Word for word, copy the data that follows and skip its pictures.

Provided information
○ ○ ○ ○ ○ ○ ○
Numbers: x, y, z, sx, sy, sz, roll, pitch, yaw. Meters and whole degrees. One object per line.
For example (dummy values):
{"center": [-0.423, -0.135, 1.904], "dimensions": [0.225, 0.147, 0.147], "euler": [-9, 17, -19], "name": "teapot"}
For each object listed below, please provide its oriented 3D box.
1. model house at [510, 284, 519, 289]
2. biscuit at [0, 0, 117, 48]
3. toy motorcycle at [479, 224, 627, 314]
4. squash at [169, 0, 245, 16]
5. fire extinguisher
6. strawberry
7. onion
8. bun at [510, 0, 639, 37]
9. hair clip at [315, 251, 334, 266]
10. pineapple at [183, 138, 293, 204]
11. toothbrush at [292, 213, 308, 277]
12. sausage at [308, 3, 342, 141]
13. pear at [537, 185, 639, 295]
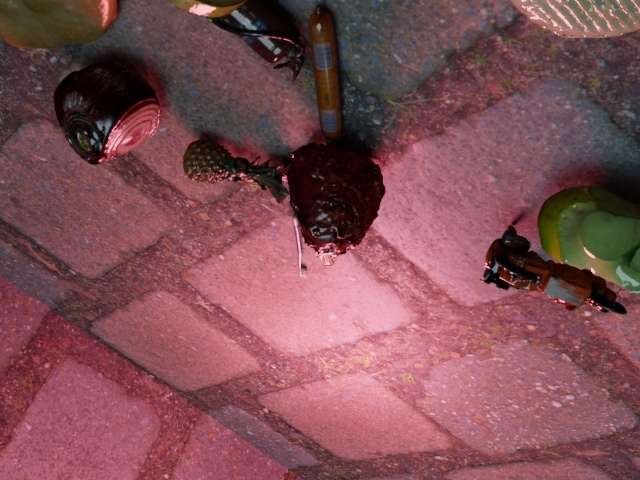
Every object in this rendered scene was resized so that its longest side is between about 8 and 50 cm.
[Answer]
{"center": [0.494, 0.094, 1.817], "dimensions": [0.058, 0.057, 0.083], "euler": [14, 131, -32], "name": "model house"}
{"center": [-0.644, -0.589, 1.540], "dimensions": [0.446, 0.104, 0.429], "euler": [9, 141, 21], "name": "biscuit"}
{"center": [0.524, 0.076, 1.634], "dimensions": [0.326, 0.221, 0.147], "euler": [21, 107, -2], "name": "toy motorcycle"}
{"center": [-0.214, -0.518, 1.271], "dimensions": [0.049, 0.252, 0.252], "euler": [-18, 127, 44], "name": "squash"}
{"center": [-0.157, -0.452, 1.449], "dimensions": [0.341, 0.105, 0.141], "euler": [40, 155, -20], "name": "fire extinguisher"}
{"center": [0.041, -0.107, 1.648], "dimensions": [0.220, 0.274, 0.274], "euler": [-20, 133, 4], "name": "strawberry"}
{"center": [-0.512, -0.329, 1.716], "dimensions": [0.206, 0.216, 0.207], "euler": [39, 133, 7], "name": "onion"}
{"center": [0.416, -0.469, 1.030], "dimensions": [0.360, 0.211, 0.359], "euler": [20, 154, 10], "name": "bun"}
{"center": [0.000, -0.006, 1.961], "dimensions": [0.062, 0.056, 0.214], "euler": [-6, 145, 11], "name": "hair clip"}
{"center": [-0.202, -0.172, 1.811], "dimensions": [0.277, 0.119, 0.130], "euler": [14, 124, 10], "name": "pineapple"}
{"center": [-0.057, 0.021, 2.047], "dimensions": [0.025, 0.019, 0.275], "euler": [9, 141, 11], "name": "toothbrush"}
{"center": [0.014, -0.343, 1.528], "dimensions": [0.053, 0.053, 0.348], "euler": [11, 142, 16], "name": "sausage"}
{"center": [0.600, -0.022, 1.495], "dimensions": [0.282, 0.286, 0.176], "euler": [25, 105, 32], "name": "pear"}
○ ○ ○ ○ ○ ○ ○
Task result
Numbers: x, y, z, sx, sy, sz, roll, pitch, yaw. Meters and whole degrees. One object per line.
For example (dummy values):
{"center": [-0.423, -0.135, 1.904], "dimensions": [0.225, 0.147, 0.147], "euler": [-9, 17, -19], "name": "teapot"}
For each object listed below, please provide its oriented 3D box.
1. model house at [510, 284, 519, 289]
2. biscuit at [0, 0, 117, 48]
3. toy motorcycle at [479, 224, 627, 314]
4. squash at [169, 0, 245, 16]
5. fire extinguisher
6. strawberry
7. onion
8. bun at [510, 0, 639, 37]
9. hair clip at [315, 251, 334, 266]
10. pineapple at [183, 138, 293, 204]
11. toothbrush at [292, 213, 308, 277]
12. sausage at [308, 3, 342, 141]
13. pear at [537, 185, 639, 295]
Every object in this rendered scene was resized so that its longest side is between about 8 and 50 cm.
[Answer]
{"center": [0.494, 0.094, 1.817], "dimensions": [0.058, 0.057, 0.083], "euler": [14, 131, -32], "name": "model house"}
{"center": [-0.644, -0.589, 1.540], "dimensions": [0.446, 0.104, 0.429], "euler": [9, 141, 21], "name": "biscuit"}
{"center": [0.524, 0.076, 1.634], "dimensions": [0.326, 0.221, 0.147], "euler": [21, 107, -2], "name": "toy motorcycle"}
{"center": [-0.214, -0.518, 1.271], "dimensions": [0.049, 0.252, 0.252], "euler": [-18, 127, 44], "name": "squash"}
{"center": [-0.157, -0.452, 1.449], "dimensions": [0.341, 0.105, 0.141], "euler": [40, 155, -20], "name": "fire extinguisher"}
{"center": [0.041, -0.107, 1.648], "dimensions": [0.220, 0.274, 0.274], "euler": [-20, 133, 4], "name": "strawberry"}
{"center": [-0.512, -0.329, 1.716], "dimensions": [0.206, 0.216, 0.207], "euler": [39, 133, 7], "name": "onion"}
{"center": [0.416, -0.469, 1.030], "dimensions": [0.360, 0.211, 0.359], "euler": [20, 154, 10], "name": "bun"}
{"center": [0.000, -0.006, 1.961], "dimensions": [0.062, 0.056, 0.214], "euler": [-6, 145, 11], "name": "hair clip"}
{"center": [-0.202, -0.172, 1.811], "dimensions": [0.277, 0.119, 0.130], "euler": [14, 124, 10], "name": "pineapple"}
{"center": [-0.057, 0.021, 2.047], "dimensions": [0.025, 0.019, 0.275], "euler": [9, 141, 11], "name": "toothbrush"}
{"center": [0.014, -0.343, 1.528], "dimensions": [0.053, 0.053, 0.348], "euler": [11, 142, 16], "name": "sausage"}
{"center": [0.600, -0.022, 1.495], "dimensions": [0.282, 0.286, 0.176], "euler": [25, 105, 32], "name": "pear"}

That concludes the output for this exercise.